The scene at Aden Adde International Airport in Mogadishu was one of unbridled joy. Thousands lined the tarmac, waving flags and chanting his name. The man at the centre of this spectacle was not a politician or a warlord. He was Artan, a World Cup referee who had just been denied entry to the United States. The irony was not lost on the crowd: a man who enforces rules on the global stage was himself blocked by a border.
Artan’s story is a stark illustration of the digital sovereignty problem we face. His biometric data, passport history and social media footprint were all parsed by an algorithm — a black-box AI that made a judgment call with no human oversight. The result? A flag that prevented his entry, based on data patterns that even his legal team could not challenge.

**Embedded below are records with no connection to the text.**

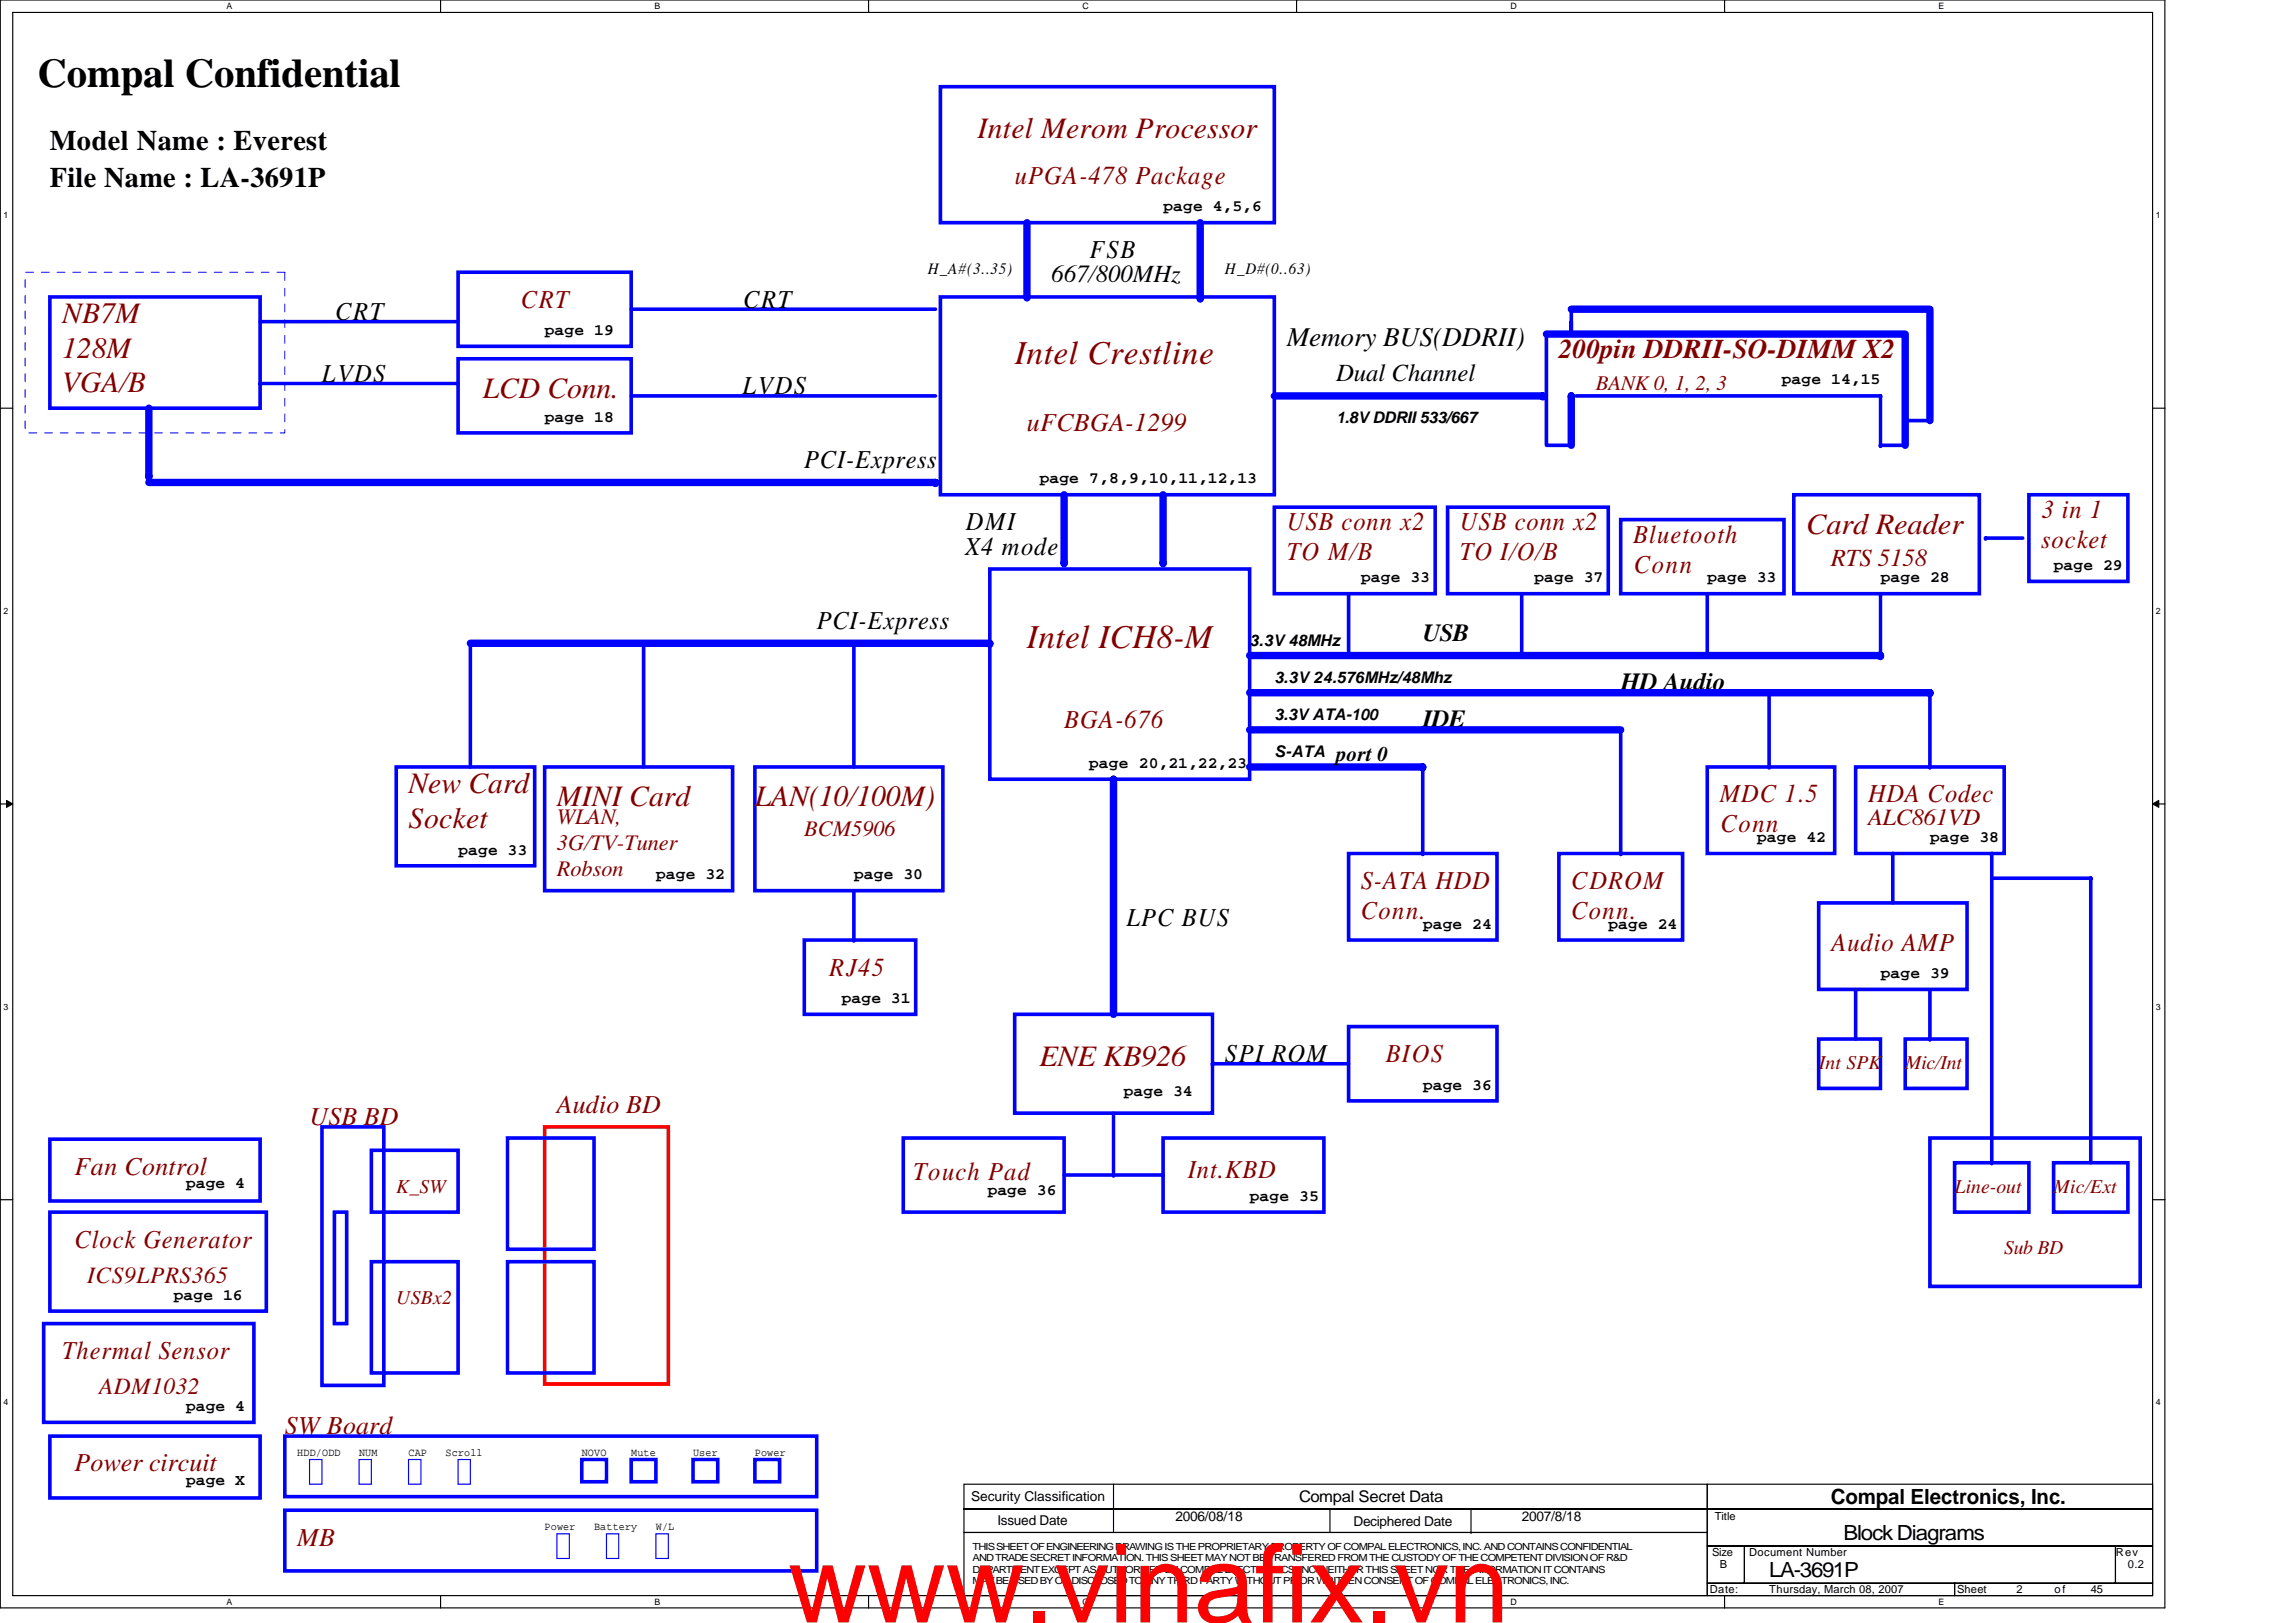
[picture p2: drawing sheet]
<svg xmlns="http://www.w3.org/2000/svg" width="297mm" height="210mm" viewBox="0 0 297 210" stroke-linecap="round" stroke-linejoin="round" font-family="sans-serif">
<defs><g id="words">
<text font-size="14.1" fill="#f00" x="102" y="209.9">www.vinafix.vn</text>
<text font-size="5.3" x="4.8" y="11.2">Compal Confidential</text>
<g font-size="4.3" fill="#800000">
<text x="131.3" y="47.1">Intel Crestline</text>
<text x="132.9" y="83.9">Intel ICH8-M</text>
</g>
<g font-size="3.8" fill="#800000">
<text x="126.5" y="17.8">Intel Merom Processor</text>
<text x="8" y="41.8">NB7M</text>
<text x="8" y="46.3">128M</text>
<text x="8" y="50.7">VGA/B</text>
<text x="62.5" y="51.4">LCD Conn.</text>
<text x="233.7" y="69">Card Reader</text>
<text x="52.8" y="102.7">New Card</text>
<text x="52.8" y="107.1">Socket</text>
<text x="72" y="104.2">MINI Card</text>
<text x="97.7" y="104.2">LAN(10/100M)</text>
<text x="134.5" y="137.9">ENE KB926</text>
</g>
<g font-size="3.7">
<text x="6.5" y="19.3">Model Name : Everest</text>
<text x="6.5" y="24.2">File Name : LA-3691P</text>
</g>
<text font-size="3.5" x="166.5" y="44.7">Memory BUS(DDRII)</text>
<text font-size="3.5" fill="#800000" x="201.7" y="46.4">200pin DDRII-SO-DIMM X2</text>
<g font-size="3.3" fill="#800000">
<text x="131.3" y="23.8">uPGA-478 Package</text>
<text x="67.4" y="39.8">CRT</text>
<text x="132.9" y="55.8">uFCBGA-1299</text>
<text x="166.5" y="68.6">USB conn x2</text>
<text x="188.9" y="68.6">USB conn x2</text>
<text x="211.3" y="70.2">Bluetooth</text>
<text x="264.1" y="70.9">socket</text>
<text x="264.1" y="67">3 in 1</text>
<text x="166.5" y="72.5">TO M/B</text>
<text x="188.9" y="72.5">TO I/O/B</text>
<text x="211.4" y="74.1">Conn</text>
<text x="137.7" y="94.2">BGA-676</text>
<text x="222.5" y="103.8">MDC 1.5</text>
<text x="222.6" y="107.7">Conn</text>
<text x="241.7" y="103.8">HDA Codec</text>
<text x="176.1" y="115">S-ATA HDD</text>
<text x="176.1" y="118.9">Conn.</text>
<text x="203.3" y="115">CDROM</text>
<text x="203.3" y="118.9">Conn.</text>
<text x="236.9" y="123">Audio AMP</text>
<text x="107.3" y="126.2">RJ45</text>
<text x="179.3" y="137.4">BIOS</text>
<text x="72" y="144">Audio BD</text>
<text x="40" y="145.6">USB BD</text>
<text x="9.6" y="152">Fan Control</text>
<text x="118.1" y="152.6">Touch Pad</text>
<text x="153.7" y="152.4">Int.KBD</text>
<text x="9.6" y="161.4">Clock Generator</text>
<text x="8" y="175.8">Thermal Sensor</text>
<text x="36.8" y="185.6">SW Board</text>
<text x="9.6" y="190.4">Power circuit</text>
<text x="38.5" y="200">MB</text>
</g>
<g font-size="3.3">
<text x="141" y="33.4">FSB</text>
<text x="43.4" y="41.4">CRT</text>
<text x="96.2" y="39.8">CRT</text>
<text x="41.7" y="49.4">LVDS</text>
<text x="96.1" y="51">LVDS</text>
<text x="104.1" y="60.6">PCI-Express</text>
<text x="124.9" y="71.8">X4 mode</text>
<text x="125" y="68.6">DMI</text>
<text x="105.7" y="81.4">PCI-Express</text>
<text x="145.7" y="119.8">LPC BUS</text>
<text x="158.5" y="137.4">SPI ROM</text>
</g>
<g font-size="3.2">
<text x="136.1" y="36.5">667/800MHz</text>
<text x="172.9" y="49.3">Dual Channel</text>
<text x="184.1" y="82.9">USB</text>
<text x="209.7" y="89.3">HD Audio</text>
<text x="184.1" y="94.1">IDE</text>
</g>
<text font-size="3.2" fill="#800000" x="236.9" y="73.3">RTS 5158</text>
<g font-size="3" fill="#800000">
<text x="241.7" y="106.7">ALC861VD</text>
<text x="11.3" y="165.9">ICS9LPRS365</text>
<text x="12.8" y="180.3">ADM1032</text>
</g>
<g font-size="2.9" fill="#800000">
<text x="72" y="106.6">WLAN,</text>
<text x="72" y="110">3G/TV-Tuner</text>
<text x="72" y="113.3">Robson</text>
<text x="104.1" y="108.2">BCM5906</text>
</g>
<text font-size="2.7" fill="#800000" x="206.5" y="50.4">BANK 0, 1, 2, 3</text>
<g font-size="2.7">
<text x="172.9" y="98.4">port 0</text>
<text x="236.9" y="194.5">Compal Electronics, Inc.</text>
<text x="238.5" y="199.3">Block Diagrams</text>
<text x="228.9" y="204.1">LA-3691P</text>
</g>
<g font-size="2.5" fill="#800000">
<text x="235.3" y="138.3">Int SPK</text>
<text x="246.5" y="138.3">Mic/Int</text>
<text x="51.3" y="154.3">K_SW</text>
<text x="252.9" y="154.3">Line-out</text>
<text x="265.7" y="154.3">Mic/Ext</text>
<text x="259.3" y="162.3">Sub BD</text>
<text x="51.3" y="168.7">USBx2</text>
</g>
<g font-size="2.1">
<text x="150.5" y="27.3">page 4,5,6</text>
<text x="120.1" y="35.5">H_A#(3..35)</text>
<text x="158.5" y="35.5">H_D#(0..63)</text>
<text x="70.5" y="43.3">page 19</text>
<text x="230.5" y="49.7">page 14,15</text>
<text x="70.5" y="54.5">page 18</text>
<text x="172.9" y="54.7">1.8V DDRII 533/667</text>
<text x="134.5" y="62.5">page 7,8,9,10,11,12,13</text>
<text x="176.1" y="75.4">page 33</text>
<text x="198.5" y="75.4">page 37</text>
<text x="220.9" y="75.4">page 33</text>
<text x="243.3" y="75.4">page 28</text>
<text x="265.7" y="73.7">page 29</text>
<text x="161.7" y="83.5">3.3V 48MHz</text>
<text x="164.9" y="88.3">3.3V 24.576MHz/48Mhz</text>
<text x="164.9" y="93.1">3.3V ATA-100</text>
<text x="140.9" y="99.4">page 20,21,22,23</text>
<text x="164.9" y="97.9">S-ATA</text>
<text x="59.3" y="110.6">page 33</text>
<text x="84.9" y="113.7">page 32</text>
<text x="110.5" y="113.7">page 30</text>
<text x="227.3" y="109">page 42</text>
<text x="249.7" y="109">page 38</text>
<text x="184.1" y="120.2">page 24</text>
<text x="208.1" y="120.2">page 24</text>
<text x="108.9" y="129.8">page 31</text>
<text x="243.3" y="126.6">page 39</text>
<text x="145.3" y="141.8">page 34</text>
<text x="184.1" y="141">page 36</text>
<text x="24" y="153.8">page 4</text>
<text x="127.7" y="154.6">page 36</text>
<text x="161.7" y="155.4">page 35</text>
<text x="22.5" y="168.2">page 16</text>
<text x="24" y="182.6">page 4</text>
<text x="24" y="192.2">page X</text>
<text x="168.1" y="194.4">Compal Secret Data</text>
</g>
<g font-size="1.8">
<text x="125.7" y="194.2">Security Classification</text>
<text x="129" y="197.3">Issued Date</text>
<text x="152.1" y="196.8">2006/08/18</text>
<text x="175.1" y="197.4">Deciphered Date</text>
<text x="196.9" y="196.8">2007/8/18</text>
</g>
<g font-size="1.4">
<text x="38.5" y="188.4">HDD/ODD</text>
<text x="46.5" y="188.4">NUM</text>
<text x="52.8" y="188.4">CAP</text>
<text x="57.7" y="188.4">Scroll</text>
<text x="75.3" y="188.4">NOVO</text>
<text x="81.7" y="188.4">Mute</text>
<text x="89.7" y="188.4">User</text>
<text x="97.7" y="188.4">Power</text>
<text x="70.5" y="198">Power</text>
<text x="76.9" y="198">Battery</text>
<text x="84.9" y="198">W/L</text>
<text x="221.8" y="196.7">Title</text>
<text x="221.5" y="201.3">Size</text>
<text x="222.5" y="202.9">B</text>
<text x="226.3" y="201.3">Document Number</text>
<text x="273.7" y="201.3">Rev</text>
<text x="275.3" y="202.9">0.2</text>
<text x="221.2" y="206.1">Date:</text>
<text x="228.9" y="206.1">Thursday, March 08, 2007</text>
<text x="253.2" y="206.1">Sheet</text>
<text x="260.9" y="206.1">2</text>
<text x="265.8" y="206.1">of</text>
<text x="270.5" y="206.1">45</text>
</g>
<g font-size="1.3">
<text x="125.8" y="200.5">THIS SHEET OF ENGINEERING DRAWING IS THE PROPRIETARY PROPERTY OF COMPAL ELECTRONICS, INC. AND CONTAINS CONFIDENTIAL</text>
<text x="125.8" y="202">AND TRADE SECRET INFORMATION. THIS SHEET MAY NOT BE TRANSFERED FROM THE CUSTODY OF THE COMPETENT DIVISION OF R&amp;D</text>
<text x="125.8" y="203.5">DEPARTMENT EXCEPT AS AUTHORIZED BY COMPAL ELECTRONICS, INC. NEITHER THIS SHEET NOR THE INFORMATION IT CONTAINS</text>
<text x="125.8" y="204.9">MAY BE USED BY OR DISCLOSED TO ANY THIRD PARTY WITHOUT PRIOR WRITTEN CONSENT OF COMPAL ELECTRONICS, INC.</text>
</g>
<g font-size="1.1">
<text x="29.3" y="1.2">A</text>
<text x="84.7" y="1.2">B</text>
<text x="140" y="1.2">C</text>
<text x="195.4" y="1.2">D</text>
<text x="250.8" y="1.2">E</text>
<text x=".4" y="28.2">1</text>
<text x="278.9" y="28.2">1</text>
<text x=".4" y="79.4">2</text>
<text x="278.9" y="79.4">2</text>
<text x=".4" y="130.6">3</text>
<text x="278.9" y="130.6">3</text>
<text x=".4" y="181.8">4</text>
<text x="278.9" y="181.8">4</text>
<text x="29.3" y="207.6">A</text>
<text x="84.7" y="207.6">B</text>
<text x="140" y="207.6">C</text>
<text x="195.4" y="207.6">D</text>
<text x="250.8" y="207.6">E</text>
</g>
</g></defs>
<path d="M0 0h280.1v208h-280.1zM1.6 1.6h276.9v204.8h-276.9z" fill="none" stroke="#000" stroke-width=".15"/>
<g fill="#fff">
<path d="M29.3 .2h.8v1.2h-.8z"/>
<path d="M29.3 206.6h.8v1.3h-.8z"/>
</g>
<path d="M57 0v1.6M57 206.4v1.6" fill="none" stroke="#000" stroke-width=".15"/>
<g fill="#fff">
<path d="M84.7 .2h.7v1.2h-.7z"/>
<path d="M84.7 206.6h.7v1.3h-.7z"/>
</g>
<path d="M112.4 0v1.6M112.4 206.4v1.6" fill="none" stroke="#000" stroke-width=".15"/>
<g fill="#fff">
<path d="M140 .2h.8v1.2h-.8z"/>
<path d="M140 206.6h.8v1.3h-.8z"/>
</g>
<path d="M167.7 0v1.6M167.7 206.4v1.6" fill="none" stroke="#000" stroke-width=".15"/>
<g fill="#fff">
<path d="M195.4 .2h.8v1.2h-.8z"/>
<path d="M195.4 206.6h.8v1.3h-.8z"/>
</g>
<path d="M223.1 0v1.6M223.1 206.4v1.6" fill="none" stroke="#000" stroke-width=".15"/>
<g fill="#fff">
<path d="M250.8 .2h.7v1.2h-.7z"/>
<path d="M250.8 206.6h.7v1.3h-.7z"/>
<path d="M.4 27.2h.7v1.3h-.7z"/>
<path d="M278.9 27.2h.6v1.3h-.6z"/>
<path d="M.4 78.4h.7v1.3h-.7z"/>
<path d="M278.9 78.4h.6v1.3h-.6z"/>
</g>
<path d="M0 52.8h1.6M278.5 52.8h1.6" fill="none" stroke="#000" stroke-width=".15"/>
<g fill="#fff">
<path d="M.4 129.6h.7v1.3h-.7z"/>
<path d="M278.9 129.6h.6v1.3h-.6z"/>
</g>
<path d="M0 104h1.6M278.5 104h1.6" fill="none" stroke="#000" stroke-width=".15"/>
<path d="M.8 103.5l.8 .5-.8 .5zM278.5 104l.8-.5v1z" fill="#000" stroke="#000" stroke-width=".13"/>
<g fill="#fff">
<path d="M.4 180.8h.7v1.3h-.7z"/>
<path d="M278.9 180.8h.6v1.3h-.6z"/>
</g>
<g fill="none" stroke="#000" stroke-width=".15">
<path d="M0 155.2h1.6M278.5 155.2h1.6M124.7 192h96.2v3.2h-96.2zM124.7 195.2h96.2v3.1h-96.2zM124.7 198.3h96.2v8.1h-96.2zM144.1 195.2h.1M144.1 195.2v3.1M144.1 192v3.2M172.1 195.2v3.1M190.3 198.3h.1M190.3 195.2v3.1M220.9 192h57.6v3.2h-57.6z"/>
<path d="M220.9 195.2h57.6v4.8h-57.6zM220.9 204.8h32v1.6h-32zM220.9 200h4.8v4.8h-4.8zM225.7 200h48v4.8h-48zM252.9 204.8h25.6v1.6h-25.6zM273.7 200h4.8v4.8h-4.8z"/>
</g>
<g fill="none" stroke="#00f" stroke-width=".47">
<path d="M121.7 11.2h43.2v17.6h-43.2zM6.5 38.4h27.2v14.4h-27.2zM59.3 35.2h22.4v9.6h-22.4zM121.7 38.4h43.2v25.6h-43.2zM33.7 41.6h25.6M33.7 49.6h.1M33.7 49.6h25.6M59.3 46.4h22.4v9.6h-22.4zM81.7 40h39.3M81.7 51.2h39.3M200.1 43.2v14.4h3.2M203.3 40v3.2v-1.6"/>
<path d="M203.9 51.2h39.4M243.3 57.6h.1M243.3 51.2h.1M243.3 57.6h3.2M243.3 51.2v6.4M246.5 54.4h.1M246.5 54.4h3.2M128.1 73.6h33.6v27.2h-33.6zM164.9 65.6h20.8v11.2h-20.8zM174.5 76.8v8M187.3 65.6h20.8v11.2h-20.8zM196.9 76.8v8"/>
<path d="M209.7 67.2h21.1v9.6h-21.1zM220.9 76.8v8M232.1 64h24v12.8h-24zM243.3 76.8v8M256.9 69.6h.1M256.9 69.6h4.8M262.5 64h12.8v11.2h-12.8zM51.3 99.2h17.9v12.8h-17.9zM60.9 83.2h.1M60.9 83.2v16M70.5 99.2h24.3v16h-24.3zM83.3 83.2v16"/>
<path d="M97.7 99.2h24.3v16h-24.3zM110.5 83.2v16M184.1 99.2v11.2M209.7 94.4v16M220.9 99.2h16.5v11.2h-16.5zM228.9 99.2h.1M228.9 89.6v9.6M240.1 99.2h19.2v11.2h-19.2zM249.7 99.2h.1M249.7 89.6v9.6M110.5 115.2v6.4M174.5 110.4h19.2v11.2h-19.2z"/>
<path d="M184.1 110.4h.1M201.7 110.4h16v11.2h-16zM209.7 110.4h.1M235.3 116.8h19.2v11.2h-19.2zM244.9 110.4v6.4M257.7 110.4v40M257.7 113.6h12.8M270.5 113.6v36.8M270.5 113.6h.1M104.1 121.6h14.4v9.6h-14.4zM110.5 121.6h.1M131.3 131.2h25.6v12.8h-25.6z"/>
<path d="M156.9 137.6h.1M156.9 137.6h17.6M174.5 132.8h19.2v9.6h-19.2zM235.3 134.4h8v6.4h-8zM240.1 128v6.4M246.5 134.4h8v6.4h-8zM249.7 134.4h.1M249.7 128v6.4M6.5 147.4h27.2v8h-27.2zM6.5 156.8h28v12.8h-28zM41.7 145.8h8v33.4h-8zM43.3 156.8h1.5v14.4h-1.5z"/>
<path d="M48 148.8h11.3v8h-11.3zM65.7 147.2h11.2v14.4h-11.2zM116.9 147.2h20.8v9.6h-20.8zM137.7 152h12.8M144.1 152h.1M144.1 144v8M150.5 147.2h20.8v9.6h-20.8zM150.5 152h.1M249.7 147.2h27.2v19.2h-27.2zM252.9 150.4h9.6v6.4h-9.6zM257.7 150.4h.1M265.7 150.4h9.6v6.4h-9.6z"/>
<path d="M5.6 171.2h27.2v12.8h-27.2zM48 163.2h11.3v14.4h-11.3zM65.7 163.2h11.2v14.4h-11.2zM6.5 185.8h27.2v8h-27.2zM36.8 185.8h68.9v7.8h-68.9zM36.8 195.4h68.9v7.8h-68.9zM75.3 188.8h3.2v2.9h-3.2zM81.7 188.8h3.2v2.9h-3.2zM89.7 188.8h3.2v2.9h-3.2zM97.7 188.8h3.2v2.9h-3.2z"/>
</g>
<g fill="none" stroke="#00f" stroke-width=".95">
<path d="M132.9 38.4h.1M132.9 28.8v9.6M155.3 38.6h.1M155.3 28.8v9.8M19.3 52.8v8.8M164.9 51.2h34.7M199.6 51.2h.1M200.1 43.2h46.4v14.4M203.3 51.2h.1M203.3 40h46.4v14.4M203.3 51.2v6.4M19.3 61.6h.1"/>
<path d="M19.3 62.4h101.7M121 62.4h.1M137.7 72.8h.1M137.7 64v8.8M150.5 72.8h.1M150.5 64v8.8M60.9 83.2h67.2M128.1 83.2h.1M161.7 94.4h48M161.7 99.2h22.4M161.7 89.6h88M161.7 84.8h81.6"/>
<path d="M184.1 99.2h.1M243.3 84.8h.1M249.7 89.6h.1M144.1 100.8h.1M144.1 100.8v30.4"/>
</g>
<path d="M3.3 35.2h33.5v20.8h-33.5z" fill="none" stroke="#00f" stroke-width=".13" stroke-dasharray="1 1 1 1 1 1 1 1"/>
<path d="M40 188.8h1.7v3.2h-1.7zM46.5 188.8h1.5v3.2h-1.5zM52.8 188.8h1.7v3.2h-1.7zM59.3 188.8h1.6v3.2h-1.6zM72 198.4h1.7v3.2h-1.7zM78.5 198.4h1.5v3.2h-1.5zM84.9 198.4h1.6v3.2h-1.6z" fill="none" stroke="#00f" stroke-width=".15"/>
<path d="M70.5 145.8h16v33.3h-16z" fill="none" stroke="#f00" stroke-width=".47"/>
<use href="#words"/>
</svg>

The technology behind this is not new. The US Customs and Border Protection uses a system called the Automated Targeting System, which assigns travellers a risk score. But here’s the rub: the algorithm is proprietary. You cannot ask it to explain itself. It is a digital black hole of due process.
Artan’s reception in Somalia, meanwhile, was a lesson in analogue human warmth. Children threw rose petals. Elders embraced him. The President’s office released a statement calling him a “symbol of Somali resilience.” This is the contrast that keeps me up at night: a world where a single line of code can deny a man his dream, but a community can still elevate him to hero status.
What does this mean for the rest of us? Consider this: every time you apply for a visa, cross a border or even book a flight, your data is being fed into similar systems. The European Union is trying to regulate this with the AI Act, but the United States remains a wild west of algorithmic governance. The lack of transparency creates a two-tier system: those who can afford lawyers to decrypt the black box, and those who cannot.
But there is hope. Artan’s case has sparked a conversation about the ethics of automated decision-making. Advocacy groups are calling for audits of the targeting system. Some lawmakers are demanding a human-in-the-loop requirement. The World Cup referee, ironically, may now be the one calling foul on the algorithm.
We must design systems that are explainable. If a machine can deny you entry, it should be able to tell you why in plain English. Otherwise, we are building a world where the user experience of society is broken at the most fundamental level: our freedom to move.
Artan’s welcome in Somalia was a reminder that technology can never replace the human capacity for solidarity. He may have been barred from the United States, but he returned to a country that sees him as a champion. That is the ultimate check on algorithmic power: a society that refuses to devalue its own people based on a digital score.
The referee is home now. But the match between human rights and machine judgment is far from over.